▶ [Problem to solve]
Give back the listing in full and exactly, leaving out the images.

▶ [Exercise materials]
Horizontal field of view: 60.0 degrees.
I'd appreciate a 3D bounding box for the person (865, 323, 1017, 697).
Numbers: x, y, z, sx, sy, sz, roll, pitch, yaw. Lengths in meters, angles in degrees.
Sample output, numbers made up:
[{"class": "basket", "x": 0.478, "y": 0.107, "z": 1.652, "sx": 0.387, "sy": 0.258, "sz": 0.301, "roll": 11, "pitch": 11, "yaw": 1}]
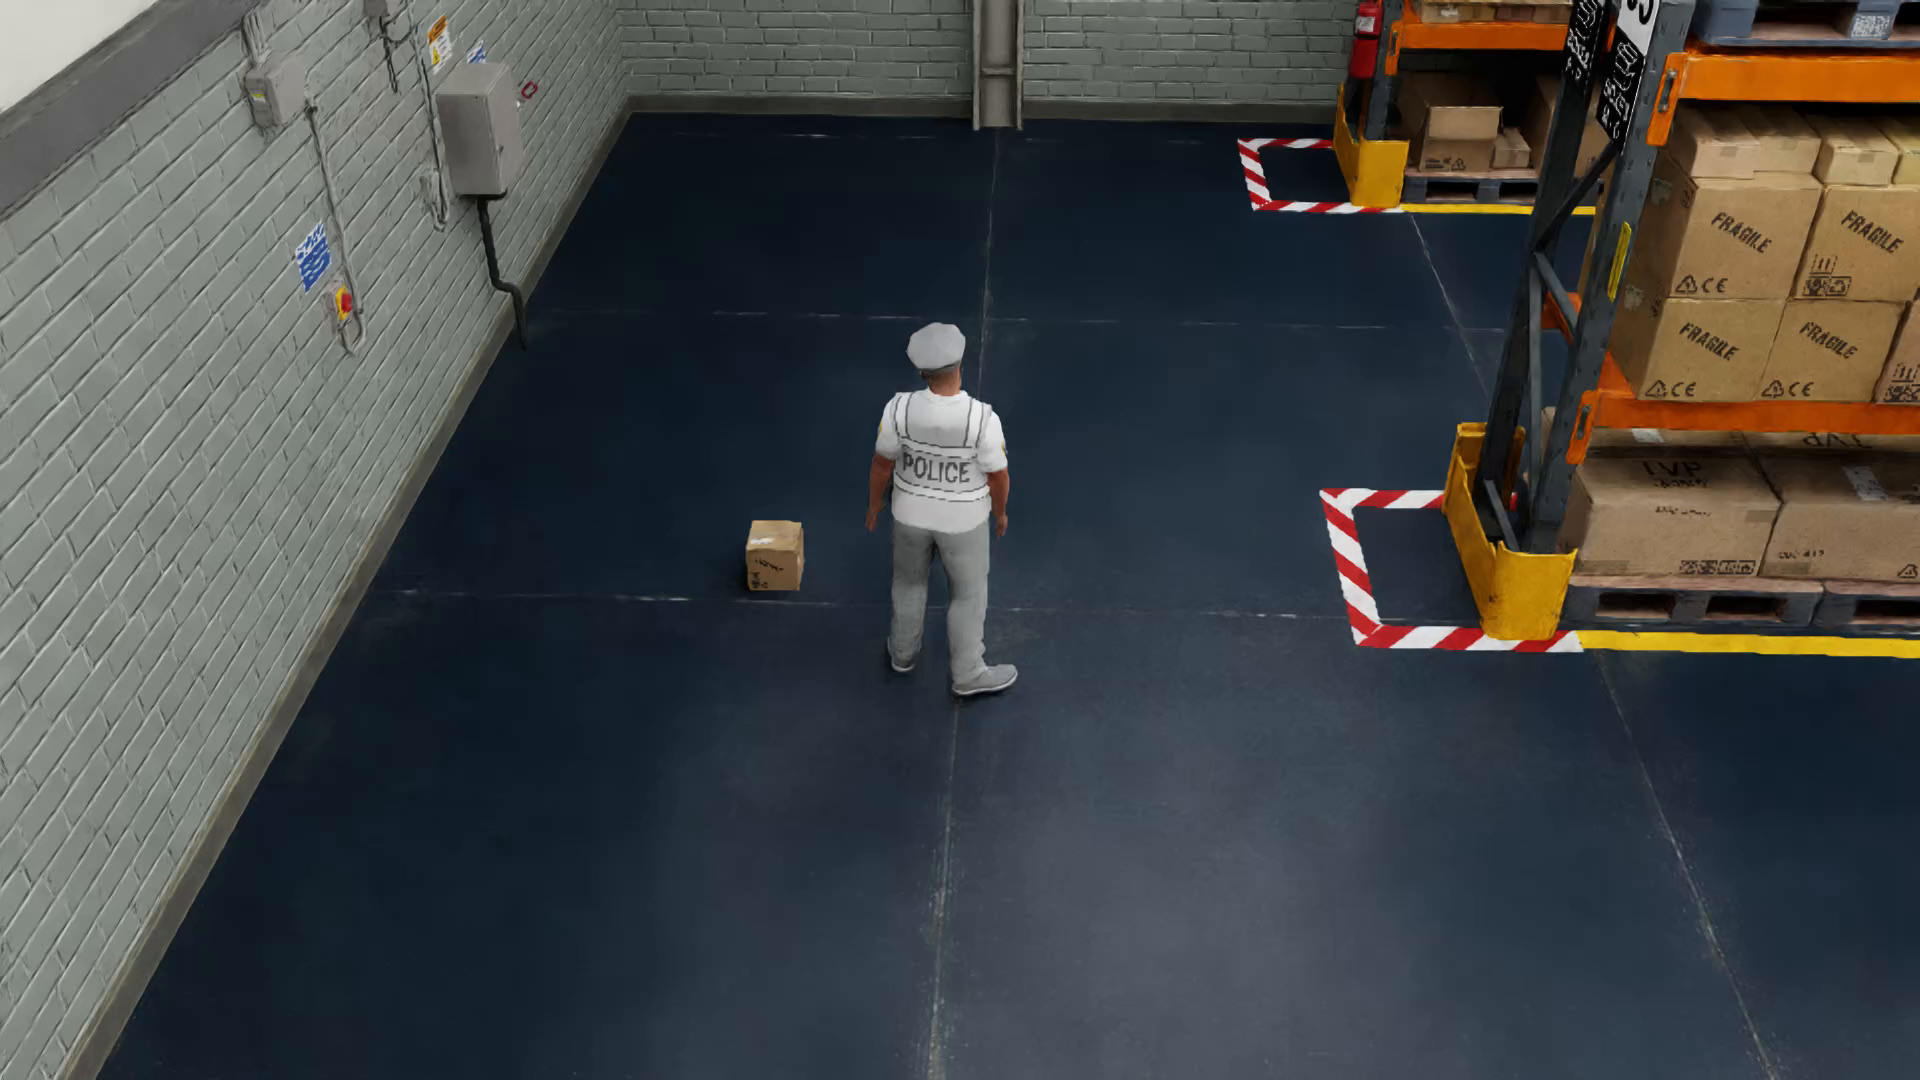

▶ [Answer to the problem]
Horizontal field of view: 60.0 degrees.
I'd appreciate a 3D bounding box for the person (865, 323, 1017, 697).
Numbers: x, y, z, sx, sy, sz, roll, pitch, yaw. Lengths in meters, angles in degrees.
Sample output, numbers made up:
[{"class": "basket", "x": 0.478, "y": 0.107, "z": 1.652, "sx": 0.387, "sy": 0.258, "sz": 0.301, "roll": 11, "pitch": 11, "yaw": 1}]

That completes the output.